Amazon Explains Why S3 Went Down

← Back to Stories (view on slashdot.org)

Amazon Explains Why S3 Went Down

Posted by timothy on Saturday July 26, 2008 @09:33AM from the not-mere-sluttiness dept.

Angostura writes "Amazon has provided a decent write-up of the problems that caused its S3 storage service to fail for around 8 hours last Sunday. It providers a timeline of events, the immediate action take to fix it (they pulled the big red switch) and what the company is doing to prevent re-occurrence. In summary: A random bit got flipped in one of the server state messages that the S3 machines continuously pass back and forth. There was no checksum on these messages, and the erroneous information was propagated across the cloud, causing so much inter-server chatter that no customer work got done."

8 of 114 comments (clear)

Min score:

Reason:

Sort:

Re:for want of a nail ... by Daimanta · 2008-07-26 09:37 · Score: 5, Funny

It was the evil bit...

--
Knowledge is power. Knowledge shared is power lost.
...make lemonade. by fahrbot-bot · 2008-07-26 10:03 · Score: 3, Funny

A random bit got flipped in one of the server state messages...

Cosmic Rays perhaps?
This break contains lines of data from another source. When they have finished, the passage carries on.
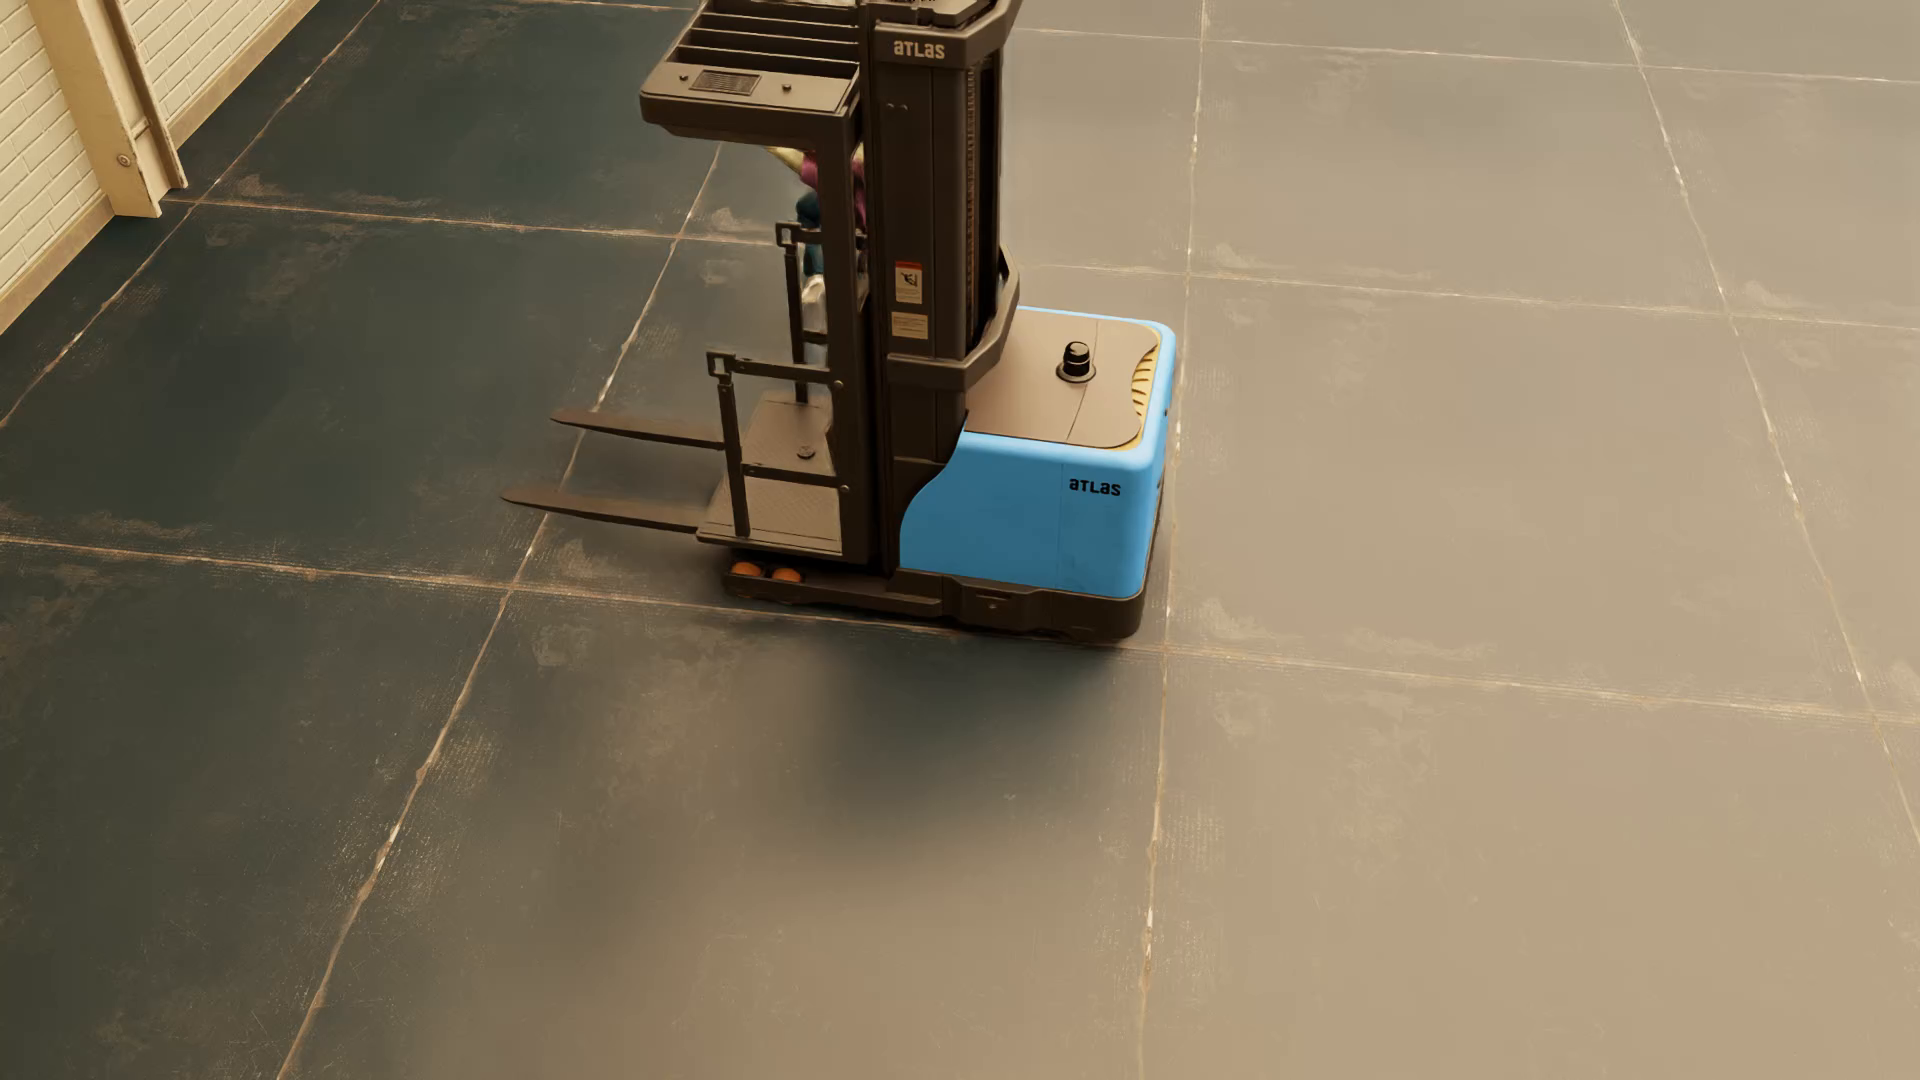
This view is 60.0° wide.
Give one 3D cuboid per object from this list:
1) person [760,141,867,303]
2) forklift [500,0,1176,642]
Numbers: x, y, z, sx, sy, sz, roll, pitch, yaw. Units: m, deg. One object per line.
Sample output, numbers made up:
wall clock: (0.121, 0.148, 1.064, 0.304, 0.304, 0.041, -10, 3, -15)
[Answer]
person: (-0.760, -1.841, 8.767, 0.873, 1.502, 0.692, 5, 43, 6)
forklift: (-0.604, -1.131, 6.955, 3.031, 2.935, 1.130, 8, 43, 9)

I guess they could line the room with lead, or simply re-market S3 as a Neutrino detector. :-)

--
It must have been something you assimilated. . . .
It was drunk, had father issues, and... by SensitiveMale · 2008-07-26 10:21 · Score: 1, Funny

was trying to hold onto a man?
I'm just guessing here.
Re:Other companies could learn from this... by Anonymous Coward · 2008-07-26 10:34 · Score: 5, Funny

Other companies could learn something from this, unfortunately they won't be able to do anything similar as Amazon has patented the process of explaining technological problems to customers.
It providers a timeline of events by Anonymous Coward · 2008-07-26 11:22 · Score: 1, Funny

It providers a timeline of events
It provideRS? PROVIDERS?!?
I'TS PROVIDED!
Re:for want of a nail ... by iamhassi · 2008-07-26 13:38 · Score: 4, Funny

FTA:
"On Sunday, we saw a large number of servers that were spending almost all of their time gossiping and a disproportionate amount of servers that had failed while gossiping. With a large number of servers gossiping and failing while gossiping, Amazon S3 wasn't able to successfully process many customer requests."

sounds like a restaurant, gossiping servers were failing to process customer requests

--
my karma will be here long after I'm gone
Re:for want of a nail ... by mrmeval · 2008-07-26 13:57 · Score: 2, Funny

1 million code monkeys typing out Aleister Crowley?

--
I'd go on a Vegan diet but the delivery time from Vega is too long. --brownkitty
Re:It's quite an old story - see RFC789 by Gazzonyx · 2008-07-26 15:17 · Score: 4, Funny

[...]
What do they say about those who ignore history?
I think it was, they're doomed to reimplement it... poorly. Or was that Unix? ;)

--
If I mod you up, it doesn't necessarily mean I agree with what you've said, sorry.